I've been riding a set of Pacenti 38mm Pari-Moto tires and enjoy how they ride. I don't have any real complaints. At the end of the month I'm planning a week long tour and want to carry an extra tire (or set of tires) with me as I'm guessing that finding 650b tires along the route will be next to impossible. There will be a support vehicle (camper) along with us so carrying the extra weight is not an issue.

I was planning on buying another Pari-Moto tire. However, after looking around I found the Grand Bois 32mm Cypress tire. They look interesting. Our route should be on paved road (although we're unsure how well they're paved), and I think that a 32mm tire would be plenty wide.

Have any of you ridden both tires?
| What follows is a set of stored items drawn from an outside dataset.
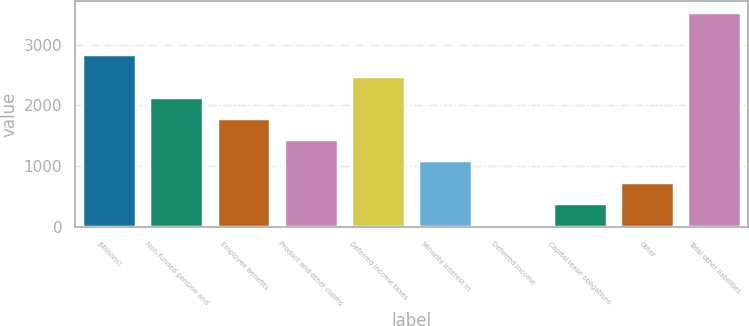Convert chart to OTSL. <chart><loc_0><loc_0><loc_500><loc_500><bar_chart><fcel>(Millions)<fcel>Non-funded pension and<fcel>Employee benefits<fcel>Product and other claims<fcel>Deferred income taxes<fcel>Minority interest in<fcel>Deferred income<fcel>Capital lease obligations<fcel>Other<fcel>Total other liabilities<nl><fcel>2836.6<fcel>2141.2<fcel>1793.5<fcel>1445.8<fcel>2488.9<fcel>1098.1<fcel>55<fcel>402.7<fcel>750.4<fcel>3532<nl></chart> 
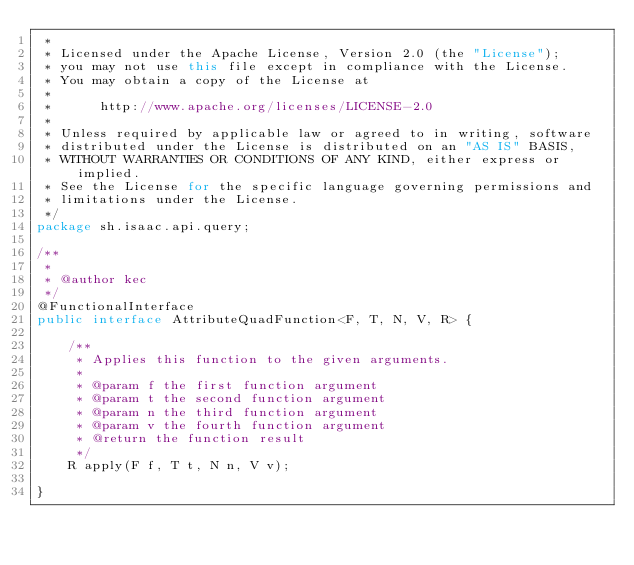<code> <loc_0><loc_0><loc_500><loc_500><_Java_> *
 * Licensed under the Apache License, Version 2.0 (the "License");
 * you may not use this file except in compliance with the License.
 * You may obtain a copy of the License at
 *
 *      http://www.apache.org/licenses/LICENSE-2.0
 *
 * Unless required by applicable law or agreed to in writing, software
 * distributed under the License is distributed on an "AS IS" BASIS,
 * WITHOUT WARRANTIES OR CONDITIONS OF ANY KIND, either express or implied.
 * See the License for the specific language governing permissions and
 * limitations under the License.
 */
package sh.isaac.api.query;

/**
 *
 * @author kec
 */
@FunctionalInterface
public interface AttributeQuadFunction<F, T, N, V, R> {

    /**
     * Applies this function to the given arguments.
     *
     * @param f the first function argument
     * @param t the second function argument
     * @param n the third function argument
     * @param v the fourth function argument
     * @return the function result
     */
    R apply(F f, T t, N n, V v);
    
}
</code> 
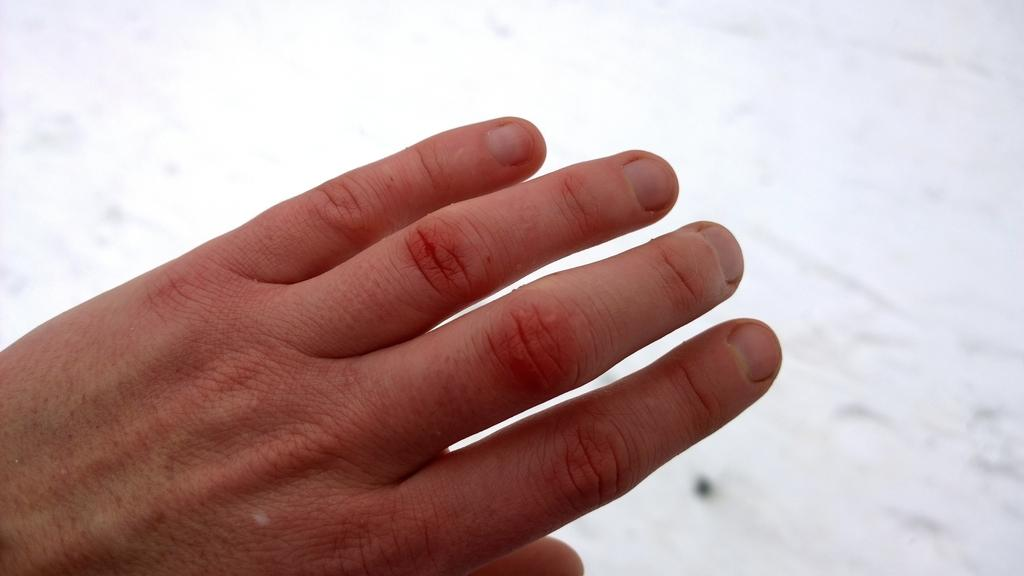What can be seen in the image? There is a hand of a person in the image. What color is the background of the image? The background of the image is white. What type of doctor is examining the hand in the image? There is no doctor present in the image, and the hand is not being examined by anyone. 
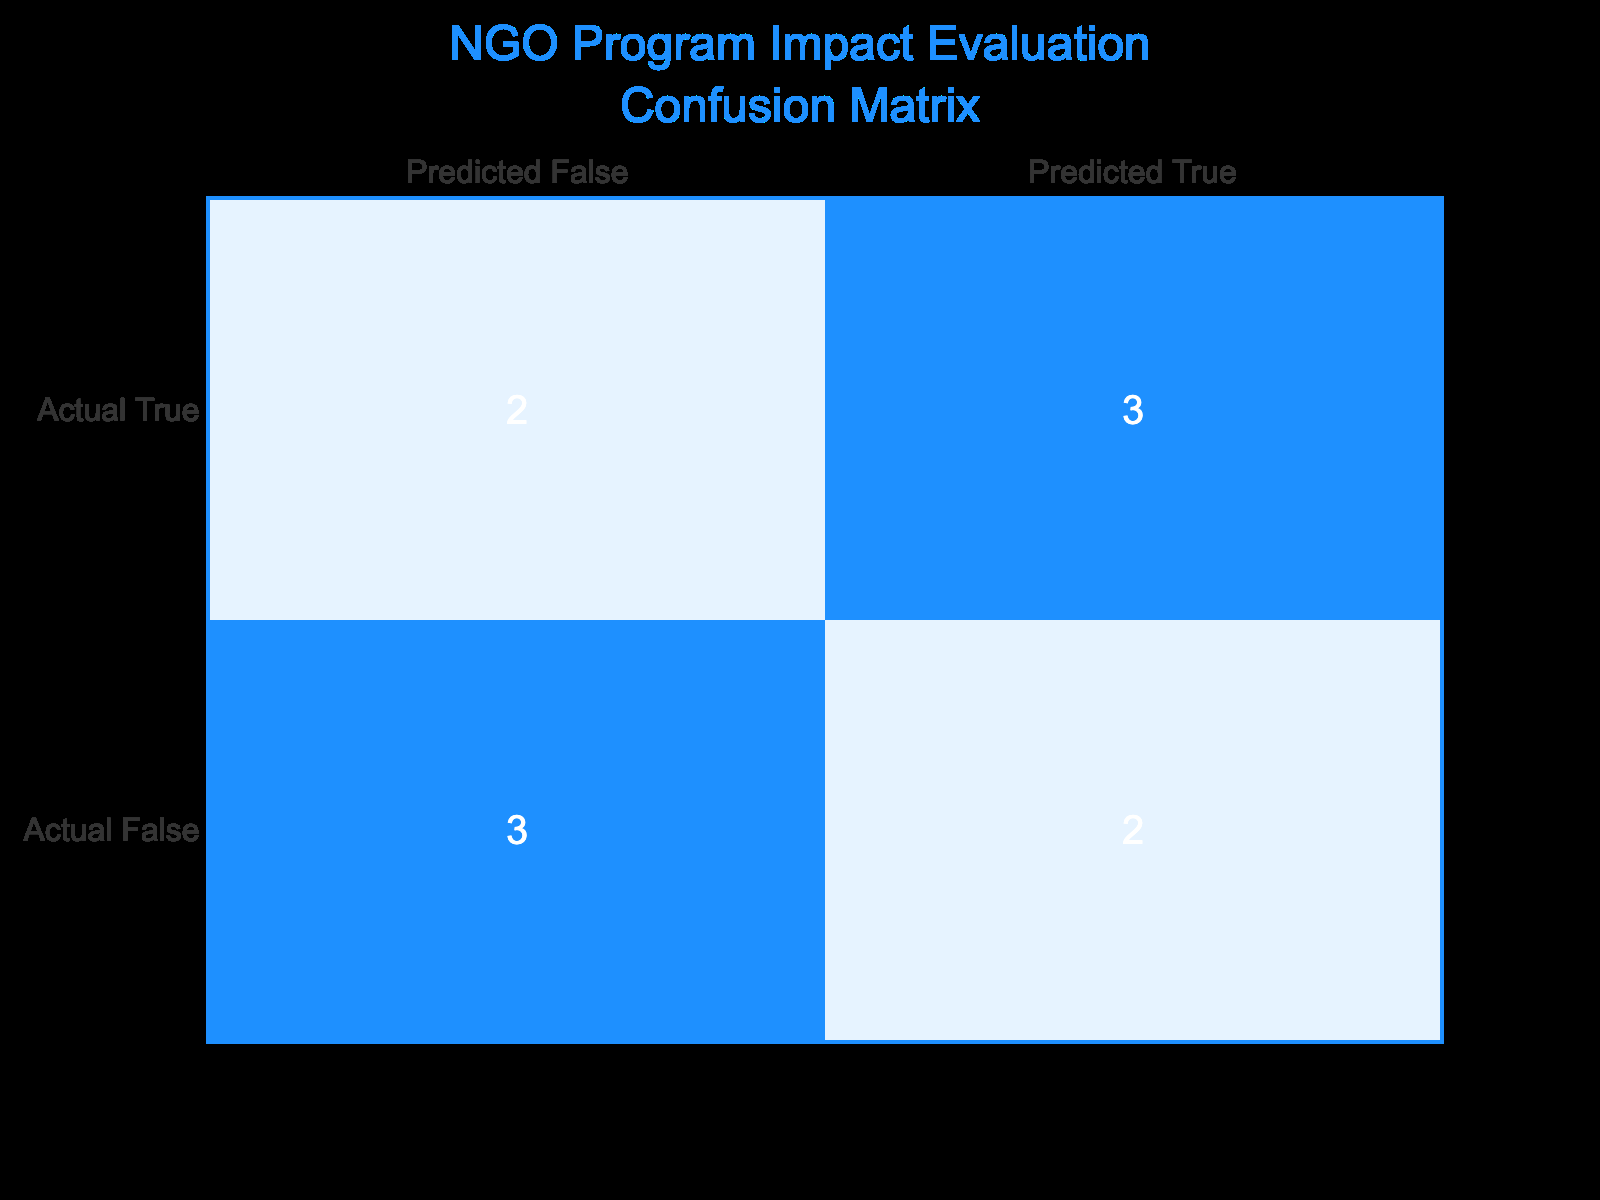What is the total number of instances where the predicted outcome was "True"? To find the total instances of predicted outcomes being "True," we need to look at the "Predicted True" column of the confusion matrix. There are 5 instances where the predicted outcome was "True" (3 True positives and 2 False positives).
Answer: 5 How many instances were actually successful (actual outcomes are "True")? To determine the actual successes, we check the "Actual True" row of the confusion matrix. There are 5 instances where the actual outcome was "True" (3 True positives and 2 False negatives).
Answer: 5 What percentage of the total predictions were correct? To calculate the percentage of correct predictions, we sum the True Positives (3) and True Negatives (2), which gives us a total of 5 correct predictions. The total number of predictions is 10. Thus, the percentage is (5/10) * 100 = 50%.
Answer: 50% Were there more instances of False negatives than True negatives? To answer this question, we compare the number of False negatives (2) to the number of True negatives (2). Since they are equal, the statement is not true.
Answer: No What is the ratio of True positives to False positives? To find the ratio, we identify the True positives (3) and False positives (2). The ratio is 3:2, meaning for every 3 successful predictions, there are 2 incorrect predictions.
Answer: 3:2 How many more True positives are there compared to False negatives? We compare the number of True positives (3) with False negatives (2). The difference is 3 - 2 = 1, indicating that there is 1 more True positive than False negative.
Answer: 1 If a new instance is predicted as "False," what is the probability that it is actually successful? To find this probability, we take the number of True negatives (2) and divide it by the total instances predicted as "False" (False positives 2 + True negatives 2 = 4). Hence, the probability is 2/4 = 0.5 or 50%.
Answer: 50% What is the total count of incorrect predictions? The total incorrect predictions are the sum of False positives (2) and False negatives (2). Therefore, the total count of incorrect predictions is 2 + 2 = 4.
Answer: 4 How many more instances were predicted as False than True? We look at the counts for predicted outcomes: Predicted False (4) and Predicted True (5). The difference is 5 - 4 = -1, meaning 1 instance fewer was predicted as False compared to True.
Answer: 1 fewer What is the proportion of actual failures to total instances? The total instances are 10. Actual failures (False) consists of False positives (2) and True negatives (2), totaling 4. Therefore, the proportion is 4/10 = 0.4 or 40%.
Answer: 40%

How did they compare? I'm looking to cover ~100 miles per day for a week, so being comfortable is important, but keeping rolling resistance to a minimum is pretty important too. I'm wondering if the 6mm less tire on the Grand Bois tire is noticeable on a long ride.

Thanks for any info.


----------



## GRAVELBIKE (Sep 16, 2011)

Unfortunately, I haven't ridden the Cypress or Pari-Moto, but I've been pleased with the SOMA B-Line (which is basically a 650B Pasela).

Initial impressions here:
First Impressions: SOMA B-Line 650B Tire | GRAVELBIKE.com


----------



## Trower (Apr 28, 2009)

I would go for a Panaracer tire over a Grand Bois, Pan's are just reliable and tuff, but still offer low rolling resistance. The Pari-Moto is made by Pan, and if your looking to try a smaller tire give Rivendell's Maxy Fasty a try. Looks to be a Jack Brown in the 650B size. I love my Jack Browns and couldn't ask for a better tire, low rolling resistance, extreme flat resistance, and great grip. For a narrower tire I would give the Fasty a try, don't think it would sacrifice too much comfort.


----------



## laffeaux (Dec 12, 2001)

Thanks for the info. I ended up getting a spare Pari-Moto as buying one tire was cheaper than getting a pair of the smaller tires.

I've heard great reviews (on-line and locally) for the larger Grand Bois Hetre tire but little about the narrower Cyress. The Jack Brown looks like an interesting tire too.


----------